7) DOE's 1993 (six million dollar) RI/FS-EIS for the Tonawanda Site determined that 15,200 cubic yards of MED/AEC contaminated soils at the Tonawanda Landfill required removal. This volume -- reported to contain 1.3 Curies Ra-226, 1 Ci Th-230, and 2.3 Ci U-238 -- was calculated using a weak DOE site-specific cleanup criterion for U-238 of 60 pCi per gram of soil, and the EPA's 40 CFR 192 5/15 pCi/g surface/subsurface radium criteria. During the comment period on this review package, DOE was asked how much larger the removed soil volumes would be using the BTP Option 1 criteria, or the even more stringent State TAGM-4003 which calls for cleanup of radioactive contamination in soils to an exposure level no greater than 10 millirems per year above the natural background exposure level of approximately 100 millirems per year. DOE never responded to this request.

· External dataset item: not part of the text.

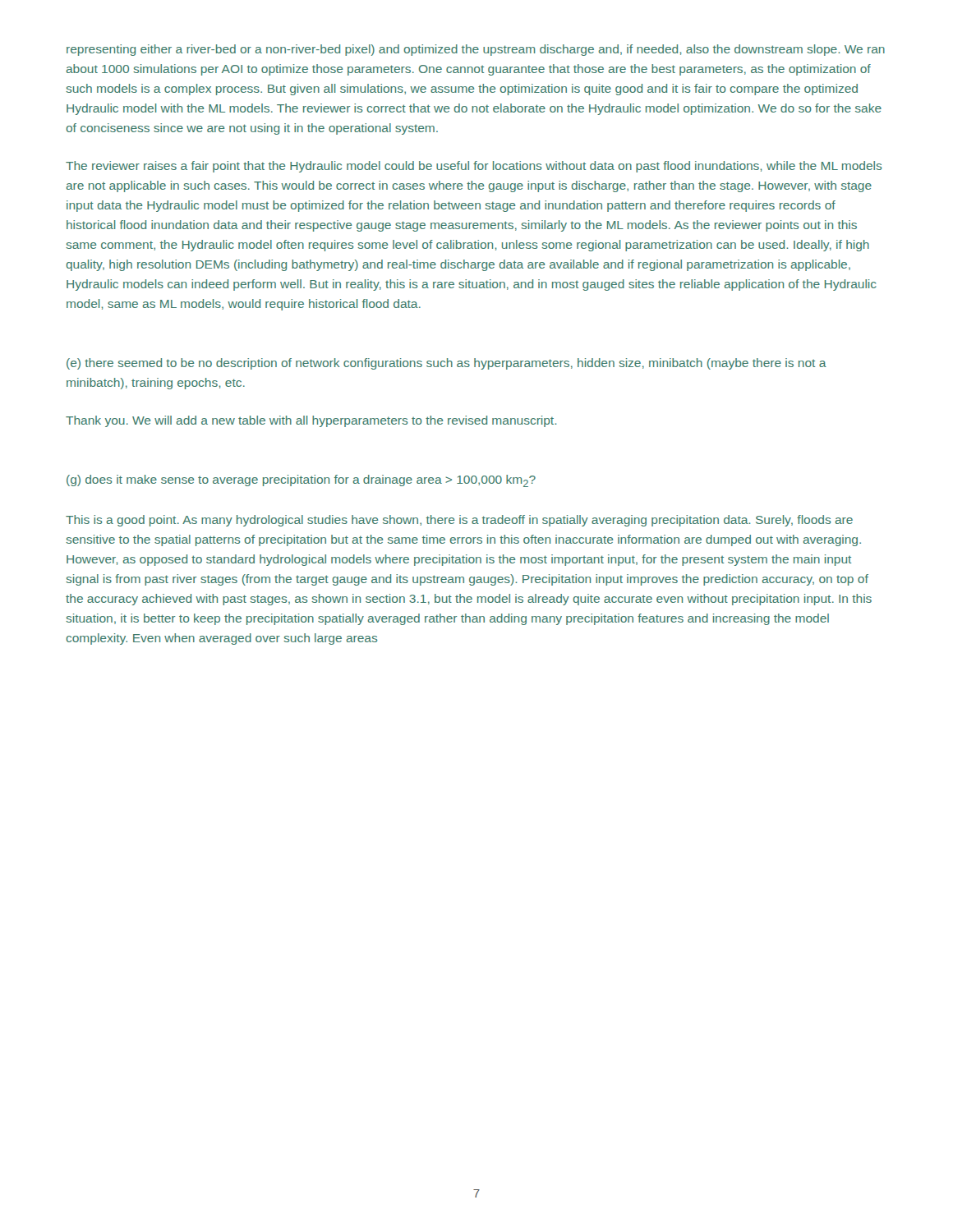The image size is (953, 1232).
Task: Locate the block of text that opens with "(g) does it make sense to average precipitation"
Action: pos(301,481)

8) After Army Corps has concluded its activities, the DOE, as successor agency to MED/AEC, remains legally liable for MED/AEC materials remaining at the Tonawanda Site properties in excess of the more stringent NRC and NYS cleanup guidelines. Decades ago a responsible NRC wisely adopted a prohibition on the use of dilution to achieve site release standards prior to the termination of license (decommissioning). In September 2006, a criminally irresponsible Bush NRC revised the regulations (NUREG-1757, Vol. 1 Rev. 2, page 160) that implement its License Termination Rule to specifically allow such onsite dilution. The Army Corps has publicly stated (correctly) that the LTR is not applicable to FUSRAP sites. That said, the lack of any expressed concern by DOE over USACE's extremely weak soil removal criteria for the Linde and Ashland properties is undoubtedly because DOE has every confidence in Army Corps' proficiency at dilution, i.e. soil mixing using heavy earth moving equipment. Army Corps conveniently won't say how many milliCuries of the MED/AEC radioactivity are being removed and how many are being left onsite at the Linde and Ashland properties. But what does DOE think about this "no action" plan, wherein there will be no possibility for intentional onsite dilution? Answer: since 1997 when Congress first transferred FUSRAP to USACE, the Department of Energy has simply mirrored Congress's irresponsibility on this issue.